Dans l’édition imprimée de Trends – Tendances.
Les cours à l’université déconnectés de la réalité ?
Les étudiants réclament une autre approche de la science économique
Début mars, un reportage télévisé diffusé par la RTBF posait la question : l’enseignement de la « science » économique en Belgique a-t-il tiré les leçons de la crise ?
Dans ce reportage, on voyait et on entendait des étudiants se plaindre de la « déconnexion » de l’économie telle qu’elle est enseignée à l’université par rapport à la réalité économique que l’on observe quand on ouvre sa fenêtre chaque matin, une « science » économique incapable aussi bien d’annoncer la crise de 2008 que de dire ce qu’il faut faire une fois cette crise enclenchée, « science » également dépourvue de tout esprit critique, ayant largement abandonné le souci de la vérification empirique – comme le soulignent certains travaux universitaires (*), et ne présentant aux étudiants qu’une interprétation unique des différentes approches envisageables, « doctrinaire et dogmatique » comme le dit l’un d’entre eux, laquelle est malheureusement celle précisément qui a été le plus cruellement discréditée par les événements récents.

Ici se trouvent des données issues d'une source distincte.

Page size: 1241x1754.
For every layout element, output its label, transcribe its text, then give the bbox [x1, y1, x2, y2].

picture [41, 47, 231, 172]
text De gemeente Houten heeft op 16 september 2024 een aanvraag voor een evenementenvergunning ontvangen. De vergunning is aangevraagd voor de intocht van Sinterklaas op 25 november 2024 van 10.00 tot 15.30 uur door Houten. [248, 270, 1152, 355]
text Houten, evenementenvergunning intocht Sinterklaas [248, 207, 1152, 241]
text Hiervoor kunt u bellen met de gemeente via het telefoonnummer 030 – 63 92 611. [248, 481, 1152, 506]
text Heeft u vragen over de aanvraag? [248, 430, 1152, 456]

Ce reportage m’interpellait puisqu’on me reconnaît le mérite d’avoir non seulement annoncé la crise des subprimes mais d’avoir précisé dans mon livre ce qu’il faudrait faire ensuite. Bien entendu, d’autres personnes ont prédit comme moi cette crise majeure, mais de manière assez laconique, alors que le livre où j’annonçais la crise : Vers la crise du capitalisme américain ? (éditions La Découverte 2007), expliquant ses diverses causes et détaillant ses multiples conséquences, faisait lui 250 pages.
Dès 2009, je reçus l’assurance de personnes bien informées que l’on allait faire appel à mes services en France : « Vous allez voir : votre expertise est devenue incontournable ! » Et ces personnes d’influence eurent la gentillesse de mettre tout leur poids dans la balance pour qu’il en soit ainsi, mais sans résultat : rien ne se passa de la manière qu’ils avaient prévue. Pourquoi ? La raison en est très simple : je ne suis pas économiste de formation, mes diplômes universitaires sont en anthropologie et en sociologie.

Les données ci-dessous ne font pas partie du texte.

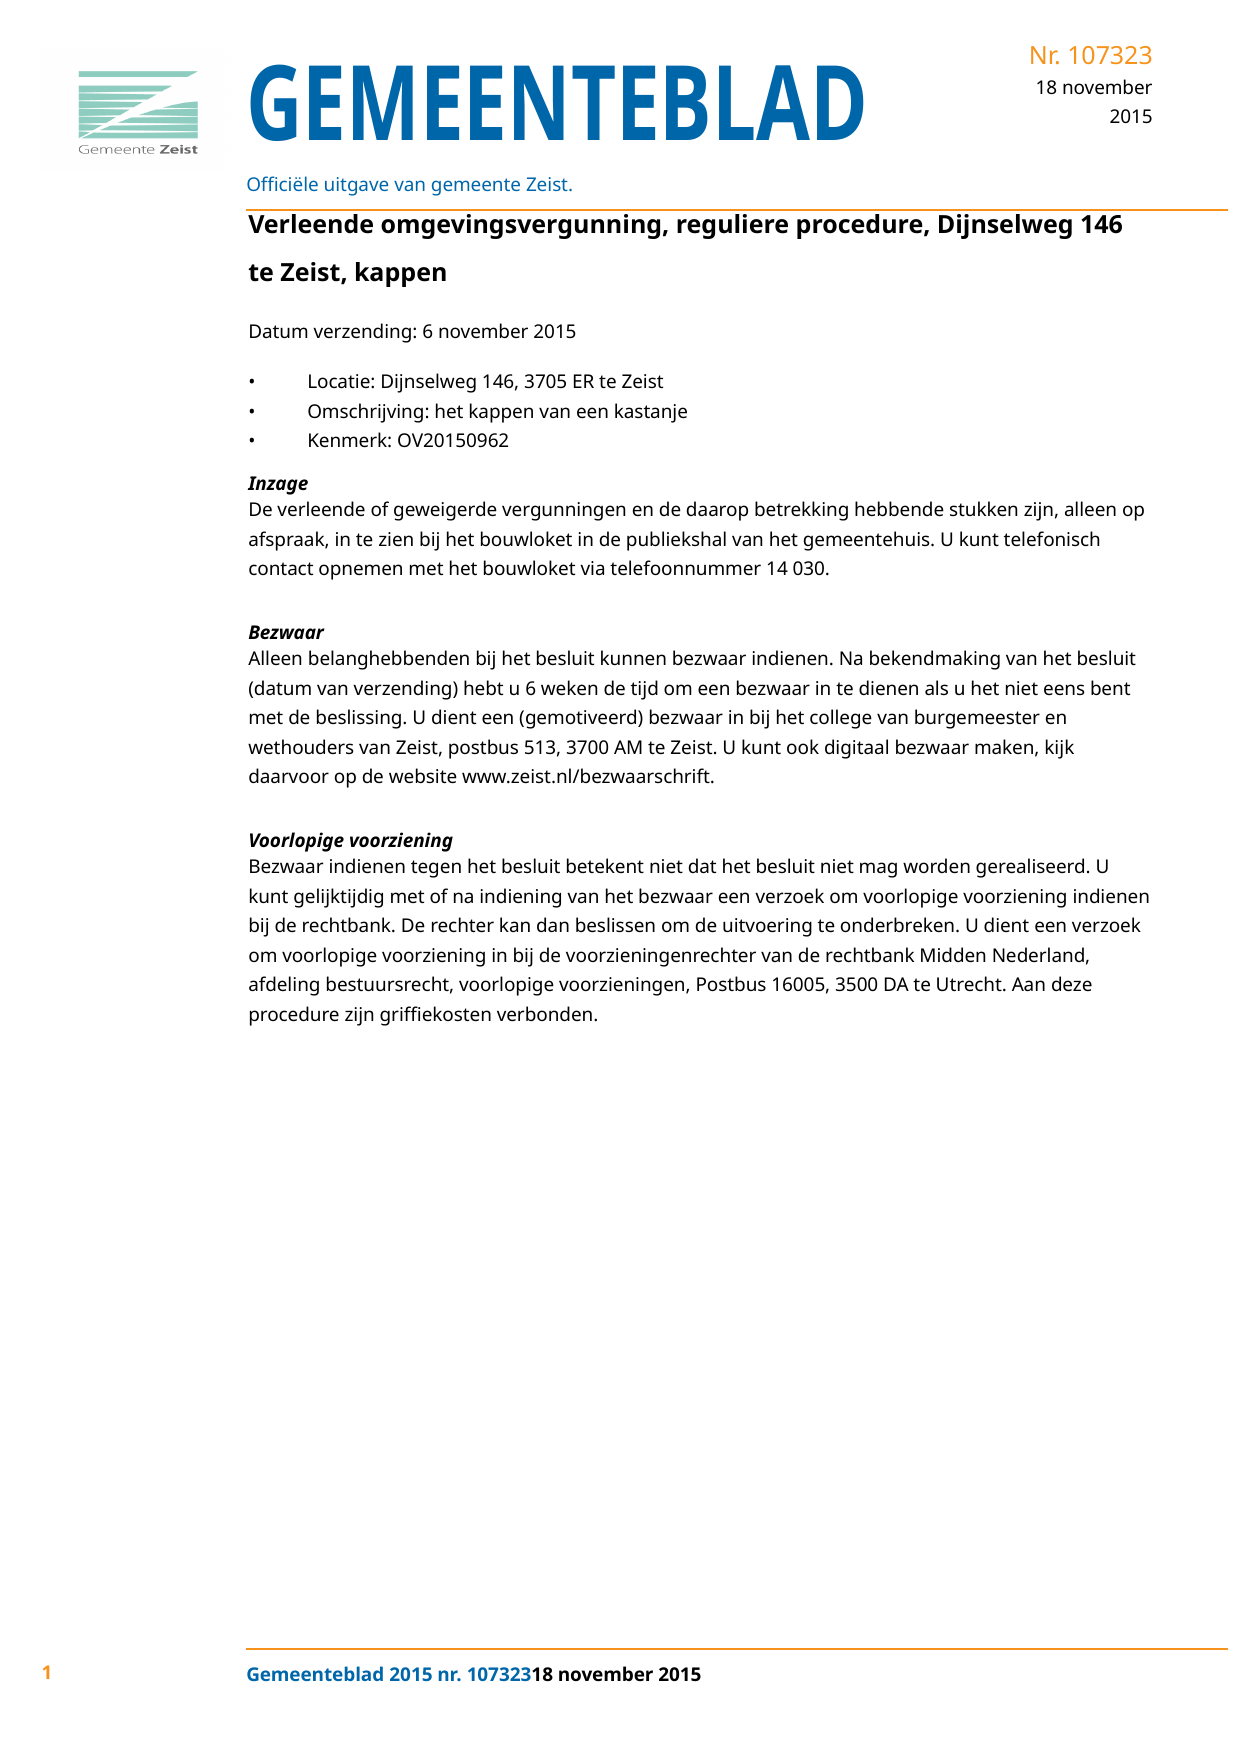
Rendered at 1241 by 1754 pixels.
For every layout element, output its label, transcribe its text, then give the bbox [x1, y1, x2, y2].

text Datum verzending: 6 november 2015 [248, 318, 1152, 344]
list Locatie: Dijnselweg 146, 3705 ER te Zeist [248, 368, 1152, 394]
text De verleende of geweigerde vergunningen en de daarop betrekking hebbende stukken zijn, alleen op afspraak, in te zien bij het bouwloket in de publiekshal van het gemeentehuis. U kunt telefonisch contact opnemen met het bouwloket via telefoonnummer 14 030. [248, 496, 1152, 581]
text Voorlopige voorziening [248, 827, 1152, 853]
list Kenmerk: OV20150962 [248, 427, 1152, 453]
text Alleen belanghebbenden bij het besluit kunnen bezwaar indienen. Na bekendmaking van het besluit (datum van verzending) hebt u 6 weken de tijd om een bezwaar in te dienen als u het niet eens bent met de beslissing. U dient een (gemotiveerd) bezwaar in bij het college van burgemeester en wethouders van Zeist, postbus 513, 3700 AM te Zeist. U kunt ook digitaal bezwaar maken, kijk daarvoor op de website www.zeist.nl/bezwaarschrift. [248, 645, 1152, 789]
list Omschrijving: het kappen van een kastanje [248, 398, 1152, 424]
text Verleende omgevingsvergunning, reguliere procedure, Dijnselweg 146 te Zeist, kappen [248, 211, 1152, 288]
picture [41, 47, 231, 172]
text Inzage [248, 471, 1152, 496]
text Bezwaar [248, 619, 1152, 645]
text Bezwaar indienen tegen het besluit betekent niet dat het besluit niet mag worden gerealiseerd. U kunt gelijktijdig met of na indiening van het bezwaar een verzoek om voorlopige voorziening indienen bij de rechtbank. De rechter kan dan beslissen om de uitvoering te onderbreken. U dient een verzoek om voorlopige voorziening in bij de voorzieningenrechter van de rechtbank Midden Nederland, afdeling bestuursrecht, voorlopige voorzieningen, Postbus 16005, 3500 DA te Utrecht. Aan deze procedure zijn griffiekosten verbonden. [248, 853, 1152, 1027]

Et c’est là qu’achoppe la protestation des étudiants exigeant qu’on leur parle de l’économie telle qu’elle est et non telle qu’elle devrait être : les professeurs qu’ils réclament à cor et à cris ne sont pas nécessairement économistes, bien pire encore : la plupart ne le sont précisément pas ! Oui, Daniel Kahneman a bien révolutionné la « science » économique en dynamitant l’idée que l’homo oeconomicus optimise rationnellement son comportement, il a même obtenu le prix Nobel d’économie en 2002 pour son « économie comportementale », mais il n’est pas économiste : son seul diplôme est celui de docteur en psychologie. Oui, j’enseigne personnellement la finance et l’économie critique que les étudiants en économie voudraient entendre, mais c’est une faculté de droit qui m’a proposé de le faire, à la VUB.

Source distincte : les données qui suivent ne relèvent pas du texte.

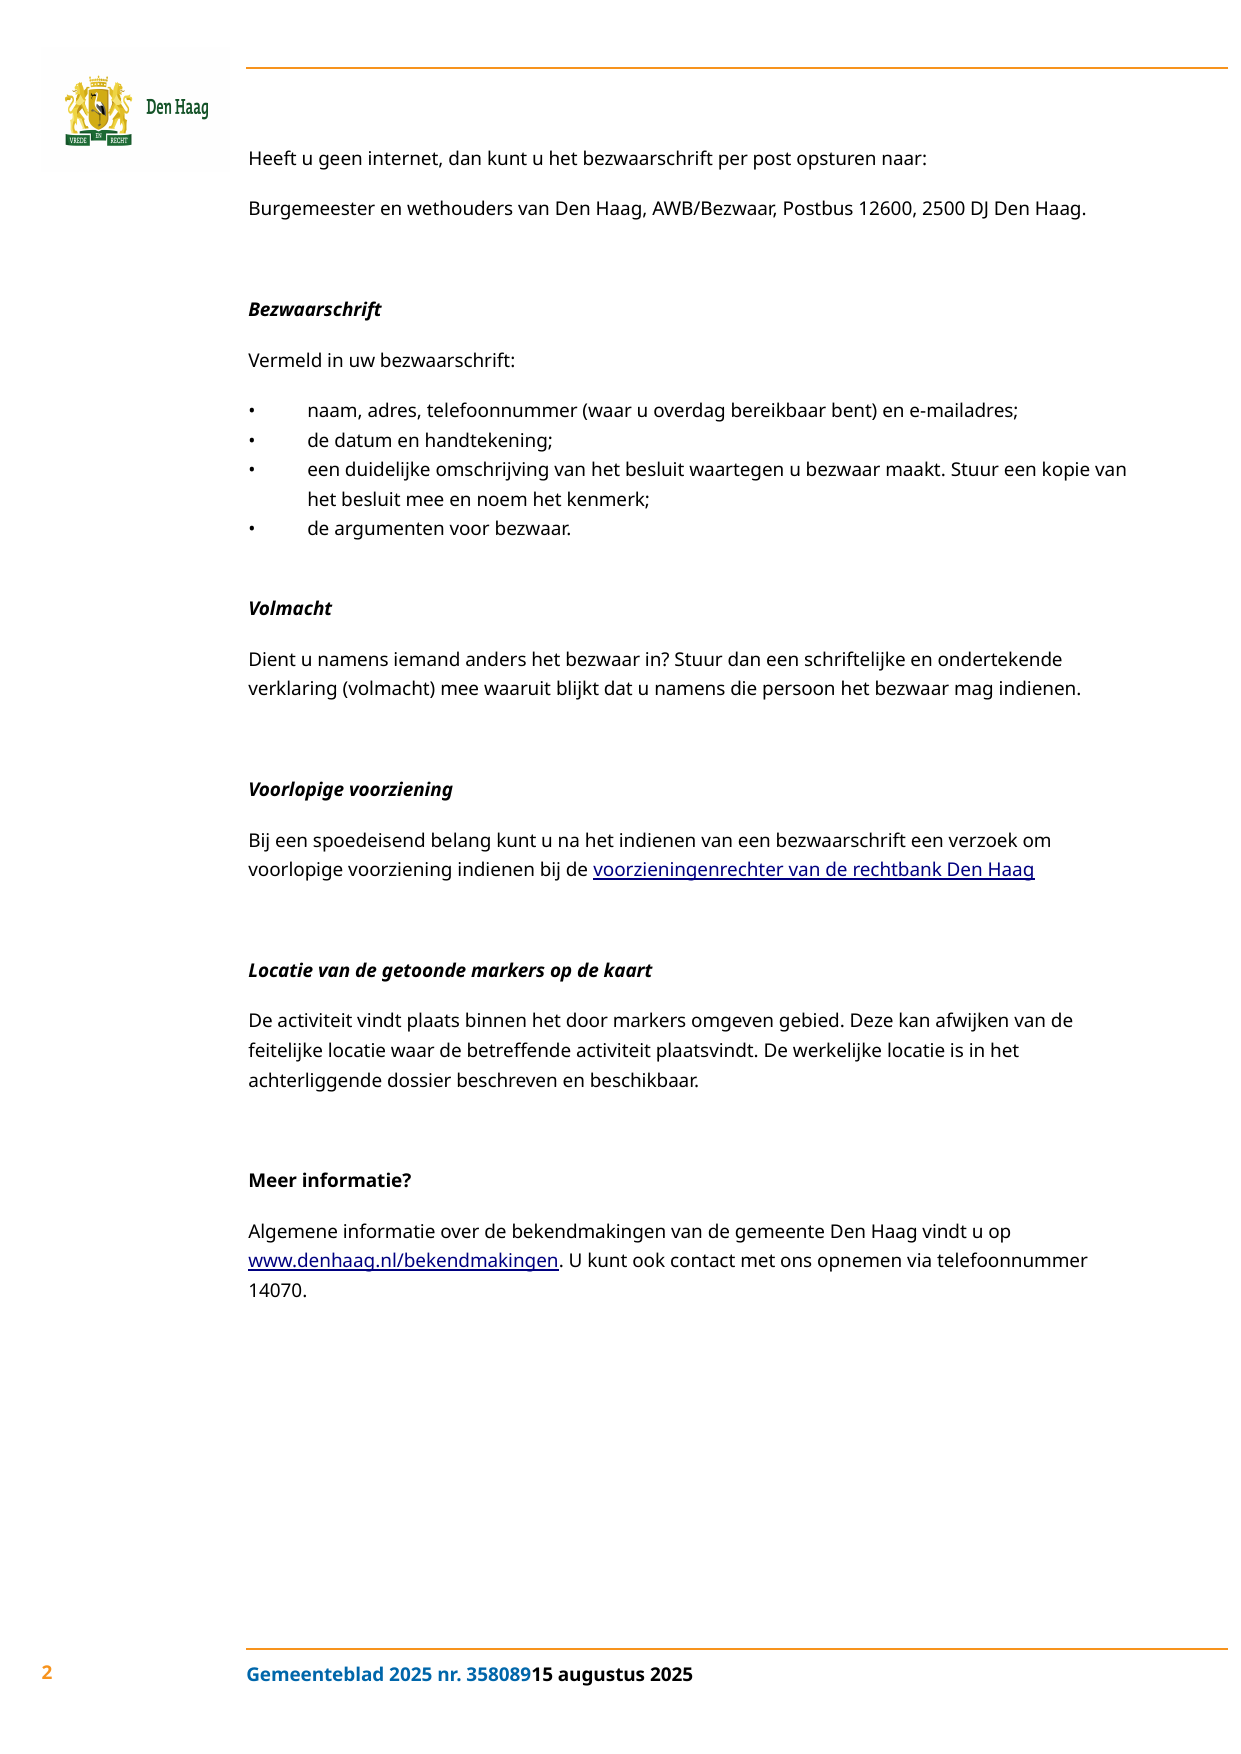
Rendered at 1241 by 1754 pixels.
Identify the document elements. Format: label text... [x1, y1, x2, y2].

A quelques très rares exceptions près (les Michel Aglietta, Frédéric Lordon, Bruno Colmant, le regretté Bernard Maris, et quelques autres), la véritable science économique, est aujourd’hui produite ailleurs que dans les départements d’économie ou les écoles de commerce. Les étudiants en économie qui protestent pour qu’un meilleur enseignement leur soit prodigué n’obtiendront pas gain de cause parce que les professeurs qu’ils réclament ne seront jamais nommés. Que ceux-ci soient politologues, physiciens, sociologues, psychologues ou anthropologues, il leur manque les qualifications pour enseigner dans une faculté d’économie ou une école de commerce : le diplôme d’économiste leur fait défaut.
Dans les entretiens que nous avons accordés au journaliste Marc Lambrechts, Bruno Colmant et moi-même proposons de Penser l’économie autrement (éditions Fayard 2014). Les étudiants en économie veulent cela eux aussi. Il faut modifier les institutions pour leur en donner les moyens ! ž
(*) Donald MacKenzie, “An Engine, Not a Camera, How Financial Models Shape Markets”, The MIT Press 2006.